An infinite loop problem occurred during JDK7 capacity expansion
/**
* Transfers all entries from current table to newTable.
*/
void transfer(Entry[] newTable) {
Entry[] src = table;
int newCapacity = newTable.length;
for (int j = 0; j < src.length; j++) {
Entry<K,V> e = src[j];
if(e ! =null) {
src[j] = null;
do {
// The B thread pauses at this point
Entry<K,V> next = e.next;
int i = indexFor(e.hash, newCapacity);
e.next = newTable[i];
// The element will be placed at the head of the linked list, so the data will be inverted after expansion
newTable[i] = e;
e = next;
} while(e ! =null); }}}Copy the code
The code above is easy to cause an infinite loop during expansion, how is it caused? Suppose there are two threads A and B executing this code, and the array size increases from 2 to 4. Before the expansion, TAB [1]=1–>5–>9.
Thread B continues execution when next = E.next gives up the timeslice and thread A executes the entire code but has not set the internal table to the new newTable.
After thread A completes execution, the elements mounted on TAB [1] are 9–>5–>1. Note that the order is reversed. E = 1, next = 5;
TAB [I] in cycles change order, 1. The TAB [I] = 1, 2. TAB [I] = 5 – > 1, 3) TAB [I] = 9 – – > 5 – > 1
Similarly, thread B is analyzed by the number of cycles
- After the first loop execution,newTable[I]=1, e = 5
- After the second loop is complete: newTable[I]=5- >1, e = 1.

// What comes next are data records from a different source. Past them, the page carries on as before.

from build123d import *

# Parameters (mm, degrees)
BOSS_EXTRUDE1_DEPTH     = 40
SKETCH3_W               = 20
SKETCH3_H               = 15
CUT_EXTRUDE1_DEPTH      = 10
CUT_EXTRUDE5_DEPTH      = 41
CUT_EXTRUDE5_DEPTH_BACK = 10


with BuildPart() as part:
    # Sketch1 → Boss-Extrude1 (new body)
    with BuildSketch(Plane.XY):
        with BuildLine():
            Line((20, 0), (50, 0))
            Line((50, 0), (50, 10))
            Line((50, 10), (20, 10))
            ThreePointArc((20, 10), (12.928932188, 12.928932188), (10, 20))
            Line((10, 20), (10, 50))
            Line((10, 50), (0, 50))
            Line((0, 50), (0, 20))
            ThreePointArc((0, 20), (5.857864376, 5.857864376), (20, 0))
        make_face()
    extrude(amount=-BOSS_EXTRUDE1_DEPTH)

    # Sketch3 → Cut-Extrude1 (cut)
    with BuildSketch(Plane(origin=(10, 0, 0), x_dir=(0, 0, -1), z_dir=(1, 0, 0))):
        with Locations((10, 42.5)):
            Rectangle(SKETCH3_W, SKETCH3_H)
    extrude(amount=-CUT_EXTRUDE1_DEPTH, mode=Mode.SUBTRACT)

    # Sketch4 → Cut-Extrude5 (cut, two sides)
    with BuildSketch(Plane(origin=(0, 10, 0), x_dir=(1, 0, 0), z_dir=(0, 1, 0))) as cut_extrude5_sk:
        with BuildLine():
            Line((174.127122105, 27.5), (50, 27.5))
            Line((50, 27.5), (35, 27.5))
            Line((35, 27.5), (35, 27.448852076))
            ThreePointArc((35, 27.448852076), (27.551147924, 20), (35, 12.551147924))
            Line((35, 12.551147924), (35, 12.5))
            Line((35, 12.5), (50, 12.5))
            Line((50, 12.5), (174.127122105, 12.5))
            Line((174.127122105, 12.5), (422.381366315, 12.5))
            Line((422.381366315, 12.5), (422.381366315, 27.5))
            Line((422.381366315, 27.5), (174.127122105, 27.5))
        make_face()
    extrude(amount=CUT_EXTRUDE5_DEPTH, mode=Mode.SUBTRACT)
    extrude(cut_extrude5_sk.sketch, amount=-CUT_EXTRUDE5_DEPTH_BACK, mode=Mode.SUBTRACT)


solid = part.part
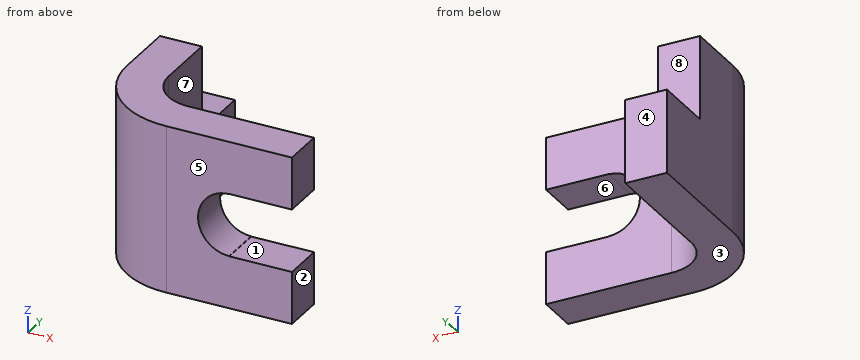
CAD build for the part. Positions are in the model's coordinates, mm. Face numbers are marked on the shaded views. A direction names the side the tool comes from. Round coordinates to 2 decimals unless told otherwise and drop trailing zeros. Write each loop counter-clockwise with the first axis right and the second up, starting at its lowest first coordinate (ties: lowest second). Pieces come first, ordered by that corner, then holes.
(1) Slice it at B-B, the plane z = -6.5. Write the cut outline in (x, y).
(2) Mould opens along Z. For the marked faces 1, 2 and 3 say: pulls with the +Z half, pulls with the -Z half, needs draft (parallel to the pull), parting line crosses it, or undercut.
(3) Drop flat-ended pins along their axis: P1, Ø1.5, axis at y = 27.5, z = -31.5, coming from the +X side; P2, Ø12, axis at x = 33, z = -13, coming from the +Y side; P3, Ø3, axis at x = 5.5, z = -8.5, coming from the +Y side. Give the stop position or say it passes through.
(4) 3-axis set-ups, long thin cutter, end or side, ignore diameter. For the marked faces 4, 5, 6, 7 and 8: which of +Z, -Z, +X, -X, +Y, -Y reach the whole face in a straight line?
(5) Probe line 1 along Y through (x, z) = (31, -28); line 2 along Z through (x, y) = (4.5, 38). List the from-to ranges inside material, lowest first.
(6) Slice it at C-C, the plane y = 24. Write the cut outline in (x, z).
(7) Slice it at A-A, the plane x = 36. Write the cut outline in (y, z), and give its area (3 significant figures).
From the geometry:
1. outline: (0, 20) arc R20 ccw to (20, 0) - (50, 0) - (50, 10) - (20, 10) arc R10 cw to (10, 20) - (10, 35) - (0, 35) - close
2. face 1: undercut
2. face 2: needs draft
2. face 3: pulls with the -Z half
3. P1: stops at x = 10
3. P2: stops at y = 10
3. P3: stops at y = 35
4. face 4: +Z, -Z, +X, -X, +Y
4. face 5: +Z, -Z, +X, -X, -Y
4. face 6: +X, +Y, -Y
4. face 7: +Z, -Z, +X, +Y
4. face 8: +Z, +X, -X, +Y
5. line 1: y = 0 to 10
5. line 2: z = -40 to -20
6. outline: (0, -40) - (10, -40) - (10, 0) - (0, 0) - close
7. outline: (0, -40) - (10, -40) - (10, -27.5) - (0, -27.5) - close; (0, -12.5) - (10, -12.5) - (10, 0) - (0, 0) - close
7. area: 250 mm2
Can you work these out from the model? Positions are in its coordinate system, mm. A direction names the side the tool comes from. Coordinates: 2 decimals unless noted, no trailing zeros. Order: outer loops, then holes, each group sorted by start corner. A loop starts at its lowest first (then second) coordinate and runs counter-clockwise, first axis right, second up. Notation, with made-up numbers: M -38,-0.75 L -26,-0.75 A28 cw -26,21.25 Z; hole C 12.5,19.25 d10. An arc over 180 degrees is marked long. Answer as CSV lines item,"result". Start each with the question number.
1. If we section it at A-A (y = 1.25): List the corners of the cut face in (x, z) for me, plus the area to 3 significant figures.
2. If we section it at B-B (z = -2.3): List the corners of the cut face in (x, y) for me, plus the area to 3 significant figures.
3. If we mould it in two halves opening along X, with no side actions, what happens to faces 1 (the face through (1.5, 8, -3.2)), 2 (the face through (7.465, 6.902, -29.926)), 3 (the face through (8, 5, -46))? For each: released by +X, released by -X, zero draft, split by the parting line, or undercut.
4. Will these pins go through, and if not, where does the flat tip stop? pin 1 (5 mm diameter, centred on y = 7.28, z = -2.3, fed in from -X); pin 2 (3 mm diameter, centred on x = 3, y = 1.5, fed in from -Z); pin 3 (1 mm diameter, centred on y = 7, z = -7.5, fed in from +X).
5. If we section it at C-C (y = 7.28): List the corners of the cut face in (x, z) for me, plus the area to 3 significant figures.
6. On a 3-axis mill with a long thin cutter (end or side, diameter ignored), from which of +Z, -Z, +X, -X, +Y, -Y can I reach the whole of each face in a straight line? I mean faces 4 (the face through (5, 7, -43)), 5 (the face through (3, 5, -5)), 6 (the face through (5, 7, -14)), 7 (the face through (0.74, 7.38, -5.15)). Say none if no direction works.
7. I need wall thicknesses on line 1 along Y through (x, z) = (1.1, -2.3); line 2 along X through (y, z) = (2, -46); line 3 along X through (y, z) = (0.5, -40.5). Which ranges of each line are inside material? Lowest first, please. Write a range as from..to.
8. If we section it at D-D (x = 2): List the corners of the cut face in (y, z) for me, plus the area to 3 significant figures.
```python
from build123d import *

# Parameters (mm, degrees)
SALIENTE_EXTRUIR1_DEPTH = 14
CROQUIS3_R              = 1
CORTAR_EXTRUIR1_DEPTH   = 5
CROQUIS5_R              = 2.85
CORTAR_EXTRUIR2_DEPTH   = 1.5
CROQUIS6_R              = 0.94
CORTAR_EXTRUIR3_DEPTH   = 54.279827327


with BuildPart() as part:
    # Croquis1 → Saliente-Extruir1 (new body)
    with BuildSketch(Plane(origin=(0, 0, 0), x_dir=(1, 0, 0), z_dir=(0, 1, 0))):
        Polygon((0, 0), (5, 0), (5, 28.2), (10, 31.7), (10, 50.7), (5, 50.7), (5, 35.2), (0, 31.7), align=None)
    extrude(amount=SALIENTE_EXTRUIR1_DEPTH)

    # Croquis3 → Cortar-Extruir1 (cut)
    with BuildSketch(Plane.XZ):
        with Locations(Location((2.5, -4.7, 0), (0, 0, 270))):
            Circle(CROQUIS3_R)
        with Locations(Location((7.5, -46, 0), (0, 0, 270))):
            Circle(CROQUIS3_R)
    extrude(amount=-CORTAR_EXTRUIR1_DEPTH, mode=Mode.SUBTRACT)

    # Croquis5 → Cortar-Extruir2 (cut)
    with BuildSketch(Plane.ZY):
        with Locations((-2.3, 7.28)):
            Circle(CROQUIS5_R)
    extrude(amount=-CORTAR_EXTRUIR2_DEPTH, mode=Mode.SUBTRACT)

    # Croquis6 → Cortar-Extruir3 (cut, through all)
    with BuildSketch(Plane.ZY.offset(-1.5)):
        with Locations((-2.3, 7.28)):
            Circle(CROQUIS6_R)
    extrude(amount=-CORTAR_EXTRUIR3_DEPTH, mode=Mode.SUBTRACT)


solid = part.part
```
Solved:
1,outline,"M 0,-31.7 L 5,-35.2 L 5,-50.7 L 10,-50.7 L 10,-31.7 L 5,-28.2 L 5,0 L 0,0 Z; hole C 2.5,-4.7 d2; hole C 7.5,-46 d2"
1,area,"265 mm²"
2,outline,"M 0,0 L 5,0 L 5,6.34 L 1.5,6.34 L 1.5,4.43 L 0,4.43 Z; M 0,10.13 L 1.5,10.13 L 1.5,8.22 L 5,8.22 L 5,14 L 0,14 Z"
2,area,"54.9 mm²"
3,face 1,"released by -X"
3,face 2,"released by +X"
3,face 3,"undercut"
4,pin 1,"x = 1.5"
4,pin 2,"z = -34.85"
4,pin 3,"x = 5"
5,outline,"M 0,-31.7 L 5,-35.2 L 5,-50.7 L 10,-50.7 L 10,-31.7 L 5,-28.2 L 5,-3.24 L 1.5,-3.24 L 1.5,-5.15 L 0,-5.15 Z; M 1.5,-1.36 L 5,-1.36 L 5,0 L 1.5,0 Z"
5,area,"257 mm²"
6,face 4,"-Z, -X, +Y, -Y"
6,face 5,"-Y"
6,face 6,"+Z, +X, +Y, -Y"
6,face 7,"-X"
7,line 1,"0..4.43, 10.13..14"
7,line 2,"5..6.5, 8.5..10"
7,line 3,"5..10"
8,outline,"M 0,-33.1 L 14,-33.1 L 14,0 L 0,0 L 0,-3.83 L 5,-3.83 L 5,-5.57 L 0,-5.57 Z; hole C 7.28,-2.3 d1.88"
8,area,"452 mm²"
The listing builds one solid part. Answer for the finished solid, in the listing's coordinates (mm). A direction names the side the tool comes from. Give positions to 0.01 mm unless a question says otherwise; leave off trailing zeros. Write each loop counter-clockwise with the first axis right and the second up, starting at its lowest first coordinate (ties: lowest second). Pieces come first, ordered by that corner, then holes. Notation, with made-up numbers: (17.5, 17.25) -> (43.5, 17.25) arc R18 cw to (43.5, 43.25) -> close; hole circle Ø5 at (61, 71). An arc over 180 degrees is marked (long way). One line per question, with ' | ' between items.
from build123d import *

# Parameters (mm, degrees)
SKETCH1_W           = 32.7
SKETCH1_H           = 16.35
SKETCH1_R           = 3.175
BOSS_EXTRUDE1_DEPTH = 10
SKETCH2_W           = 5
SKETCH2_H           = 16.35
CUT_EXTRUDE1_DEPTH  = 5


with BuildPart() as part:
    # Sketch1 → Boss-Extrude1 (new, symmetric)
    with BuildSketch(Plane.XY):
        Rectangle(SKETCH1_W, SKETCH1_H)
        with Locations((-8.175, 0)):
            Circle(SKETCH1_R, mode=Mode.SUBTRACT)
        with Locations((8.175, 0)):
            Circle(SKETCH1_R, mode=Mode.SUBTRACT)
    extrude(amount=BOSS_EXTRUDE1_DEPTH, both=True)

    # Sketch2 → Cut-Extrude1 (cut)
    with BuildSketch(Plane(origin=(0, 0, -10), x_dir=(-1, 0, 0), z_dir=(0, 0, -1))):
        with Locations((-8.175, 0)):
            Rectangle(SKETCH2_W, SKETCH2_H)
        with Locations((8.175, 0)):
            Rectangle(SKETCH2_W, SKETCH2_H)
    extrude(amount=-CUT_EXTRUDE1_DEPTH, mode=Mode.SUBTRACT)


solid = part.part
Item 1: A tool of negligible diameter and unlimited length cuts with its end or side. For faces 4 (the face through (-5.675, 5, -8)), 5 (the face through (-8.86, -3.1, -0.14)), from which of +Z, -Z, +X, -X, +Y, -Y can it reach the whole face along a straight path? Write none if from no direction.
Answers below:
face 4: -Z, +Y, -Y | face 5: +Z, -Z
Item 2: A flat-ended cylindrical pin translates along its axis: pin 1 (1.5 mm diameter, centred on x = -7, y = 5.5, fed in from -Z). Find the tip coordinate at first contact, or state that the pin passes through.
Answers below:
pin 1: z = -5
Item 3: Find section B-B (z = -5.5). Write down the section's boundary in (x, y) (3 decimals), then the cut area to 3 significant figures.
Answers below:
outline: (-16.35, -8.175) -> (-10.675, -8.175) -> (-10.675, -1.957) arc R3.175 cw to (-10.675, 1.957) -> (-10.675, 8.175) -> (-16.35, 8.175) -> close; (-5.675, -8.175) -> (5.675, -8.175) -> (5.675, -1.957) arc R3.175 cw to (5.675, 1.957) -> (5.675, 8.175) -> (-5.675, 8.175) -> (-5.675, 1.957) arc R3.175 cw to (-5.675, -1.957) -> close; (10.675, -8.175) -> (16.35, -8.175) -> (16.35, 8.175) -> (10.675, 8.175) -> (10.675, 1.957) arc R3.175 cw to (10.675, -1.957) -> close | area: 364 mm²
Item 4: Determine the mould class of faces 1 (the face through (0, -8.175, 0)), 2 (the face through (-16.35, 0, 0)), 3 (the face through (8, -6, -5)) for opening direction X: pulls with the +X half, pulls with the -X half, needs draft (parallel to the pull), parting line crosses it, or undercut.
Answers below:
face 1: needs draft | face 2: pulls with the -X half | face 3: undercut
Item 5: Find section C-C (x = 7.5). Write down the section's boundary in (y, z) (3 decimals), then the cut area to 3 significant figures.
Answers below:
outline: (-8.175, -5) -> (-3.102, -5) -> (-3.102, 10) -> (-8.175, 10) -> close; (3.102, -5) -> (8.175, -5) -> (8.175, 10) -> (3.102, 10) -> close | area: 152 mm²
Item 6: Consider line 1 (X direction, y = 0, z = 6.25); line 2 (X direction, y = 5.5, z = -8) (3 decimals); line 3 (Y direction, x = -6, z = -0.5) (3 decimals). Determine where each line is inside the solid, lowest interval first. Write a range as [from, to].
Answers below:
line 1: [-16.35, -11.35], [-5, 5], [11.35, 16.35] | line 2: [-16.35, -10.675], [-5.675, 5.675], [10.675, 16.35] | line 3: [-8.175, -2.313], [2.313, 8.175]
Item 7: Find section D-D (z = 2.75). Write down the section's boundary in (x, y) (3 decimals).
Answers below:
outline: (-16.35, -8.175) -> (16.35, -8.175) -> (16.35, 8.175) -> (-16.35, 8.175) -> close; hole circle Ø6.35 at (-8.175, 0); hole circle Ø6.35 at (8.175, 0)
Item 8: Find section A-A (y = 0). Write down the section's boundary in (x, z), then the cut area to 3 significant figures.
Answers below:
outline: (-16.35, -10) -> (-11.35, -10) -> (-11.35, 10) -> (-16.35, 10) -> close; (-5, -10) -> (5, -10) -> (5, 10) -> (-5, 10) -> close; (11.35, -10) -> (16.35, -10) -> (16.35, 10) -> (11.35, 10) -> close | area: 400 mm²
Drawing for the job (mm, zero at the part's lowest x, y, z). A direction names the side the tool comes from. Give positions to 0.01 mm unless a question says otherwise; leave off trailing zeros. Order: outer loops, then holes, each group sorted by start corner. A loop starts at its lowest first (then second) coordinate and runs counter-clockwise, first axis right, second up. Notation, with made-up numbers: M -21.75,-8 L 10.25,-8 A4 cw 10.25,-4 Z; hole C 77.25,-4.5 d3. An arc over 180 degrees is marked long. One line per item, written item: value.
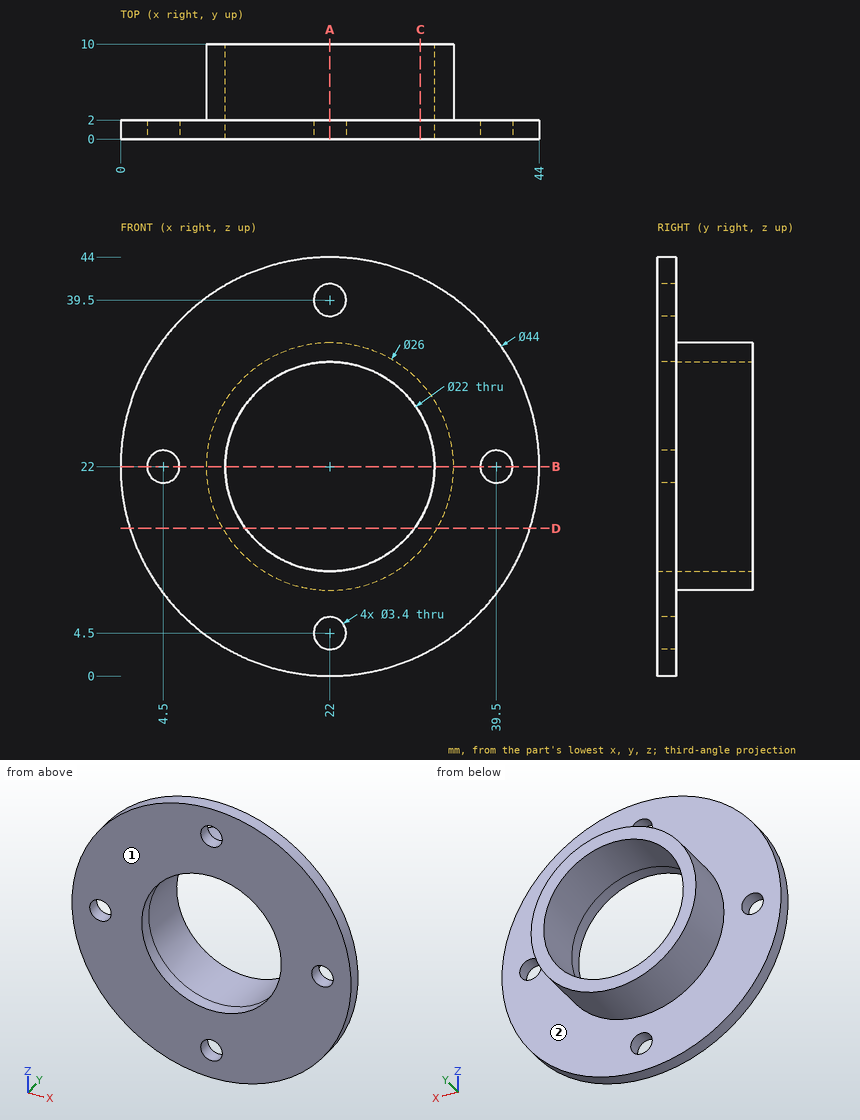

- For the third loop,e has no next, so next points to null. When performing e.n ext = newTable [I] (1 – > 5), was formed 1 — > 5 – > 1 ring, perform newTable [I] = e, the newTable [I] = 1 – > 5 — — > 1.
An infinite loop occurs when a key is found at get in the array, causing 100% CPU problems.
JDK8 doesn’t have this problem, it has an optimization here that uses two Pointers to the head node and one to the tail node, while maintaining the original order of elements. Of course HashMap is still insecure, so ConcurrentHashMap is recommended for multithreaded concurrency.